Radiosity Approach for the Shortwave Surface Radiation Balance in Complex Terrain

The influence of topography on the radiation balance in complex terrain has so far been investigated either with very simple or very sophisticated approaches that are limited, respectively, by an uncontrolled spatial representation of radiative fluxes or heavy computational efforts. To bridge this gap in complexity, this paper proposes the radiosity approach, well known in computer graphics, to study anisotropic reflections of radiation in complex terrain. To this end the radiosity equation is rederived in the context of three-dimensional radiative transfer. The discretized equation is solved by means of an adapted version of progressive refinement iteration. To systematically study terrain effects, the geometrical disorder provided by the topography is considered in its simplest approximation by Gaussian random fields. These model topographies capture the most important length scales of complex terrain, namely a typical elevation and a typical valley width via the variance and the correlation length of the field, respectively.

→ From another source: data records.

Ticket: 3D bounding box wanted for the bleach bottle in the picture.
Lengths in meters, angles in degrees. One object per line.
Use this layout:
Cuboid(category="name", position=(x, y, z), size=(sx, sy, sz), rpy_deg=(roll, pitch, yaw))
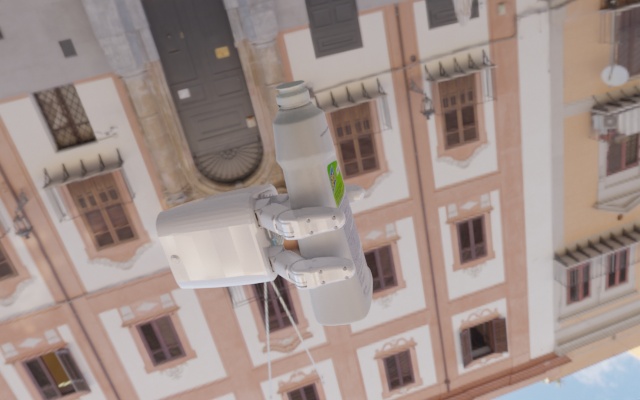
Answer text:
Cuboid(category="bleach bottle", position=(0.000, 0.002, 0.496), size=(0.068, 0.251, 0.102), rpy_deg=(-9, 24, 10))
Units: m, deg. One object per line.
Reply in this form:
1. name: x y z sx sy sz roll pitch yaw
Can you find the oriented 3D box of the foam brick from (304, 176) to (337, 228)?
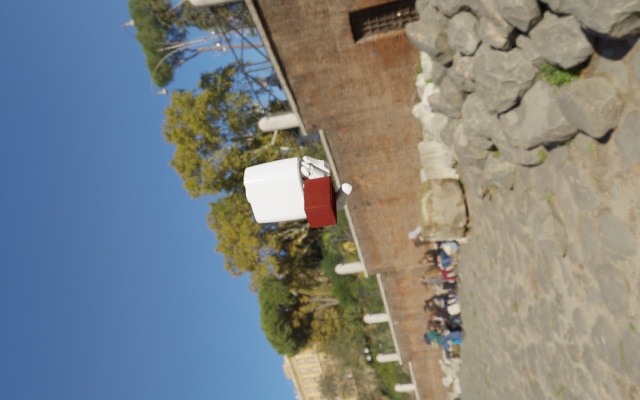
1. foam brick: 0.000 0.003 0.864 0.051 0.078 0.053 -9 -44 8
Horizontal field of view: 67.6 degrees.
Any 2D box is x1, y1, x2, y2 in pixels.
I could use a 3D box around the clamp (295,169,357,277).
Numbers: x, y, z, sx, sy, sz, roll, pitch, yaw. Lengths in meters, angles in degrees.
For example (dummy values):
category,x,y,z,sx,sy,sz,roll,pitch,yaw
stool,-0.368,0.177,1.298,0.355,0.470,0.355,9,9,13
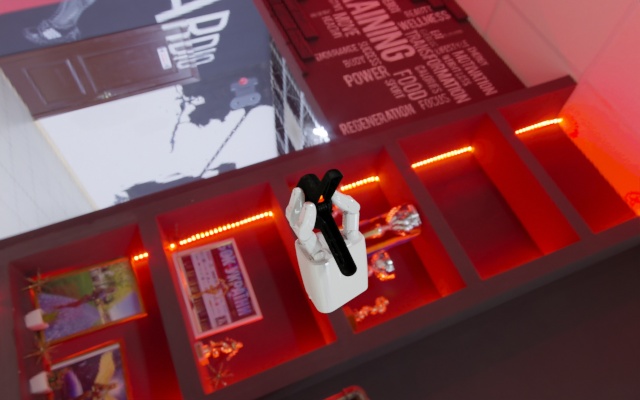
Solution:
category,x,y,z,sx,sy,sz,roll,pitch,yaw
clamp,0.001,0.002,0.752,0.036,0.165,0.210,-15,28,-16
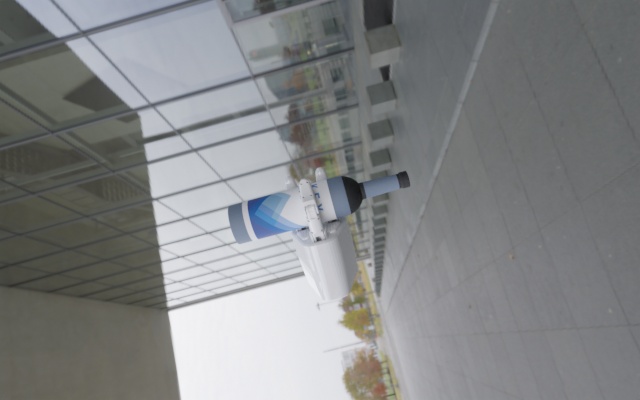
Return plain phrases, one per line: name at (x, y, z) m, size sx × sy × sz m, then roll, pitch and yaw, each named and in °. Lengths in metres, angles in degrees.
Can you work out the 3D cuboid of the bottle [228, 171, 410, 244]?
bottle at (0.000, 0.003, 0.782) m, size 0.296 × 0.069 × 0.069 m, roll -15°, pitch -1°, yaw 2°
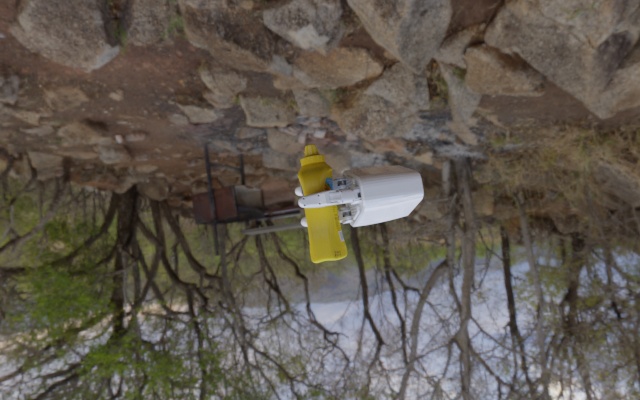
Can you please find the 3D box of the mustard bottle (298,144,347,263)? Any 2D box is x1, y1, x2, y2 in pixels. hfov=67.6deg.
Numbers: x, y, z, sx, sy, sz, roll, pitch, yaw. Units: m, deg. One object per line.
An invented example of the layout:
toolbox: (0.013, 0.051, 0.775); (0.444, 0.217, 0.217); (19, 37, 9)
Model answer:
mustard bottle: (0.000, 0.003, 0.783); (0.058, 0.191, 0.096); (-10, -4, 12)
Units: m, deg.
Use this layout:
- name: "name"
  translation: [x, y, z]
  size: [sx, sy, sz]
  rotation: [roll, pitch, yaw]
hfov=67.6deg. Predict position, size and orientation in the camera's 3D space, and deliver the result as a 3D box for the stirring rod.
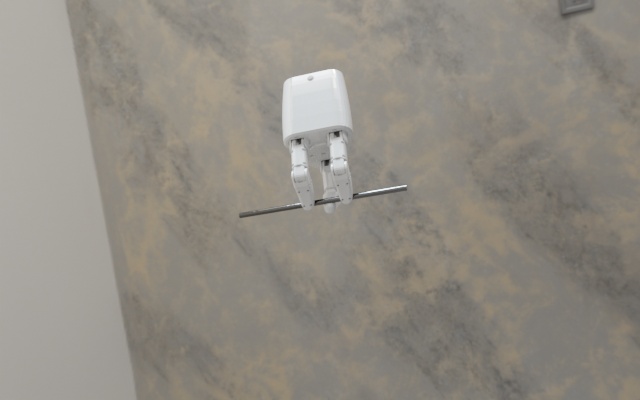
- name: "stirring rod"
  translation: [0.000, 0.002, 0.669]
  size: [0.239, 0.011, 0.011]
  rotation: [-10, -2, 10]
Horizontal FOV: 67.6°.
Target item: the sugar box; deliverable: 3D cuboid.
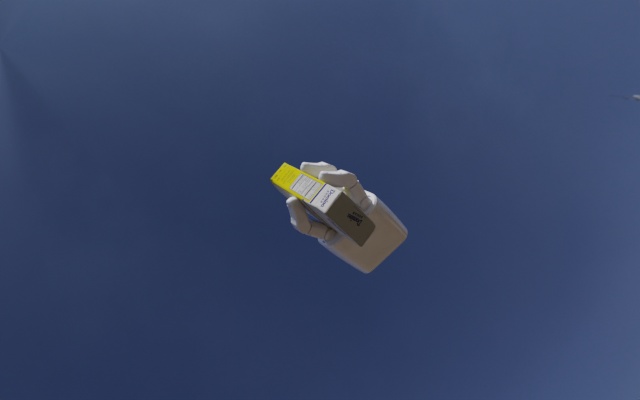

The mean reflected radiation is computed as a function of these length scales and sun elevation, thereby explicitly addressing finite system sizes and grid resolutions. A comparison with an isotropic parameterization of terrain reflections reveals that mean values are similar whereas spatial distributions vary remarkably. It is also shown that the mean reflected radiation in real topography is reasonably well characterized by the Gaussian approximation. As a final application of the method, the effective albedo of a topography is shown to vary with sun elevation and domain-averaged albedo, leading to albedo differences up to 0.025.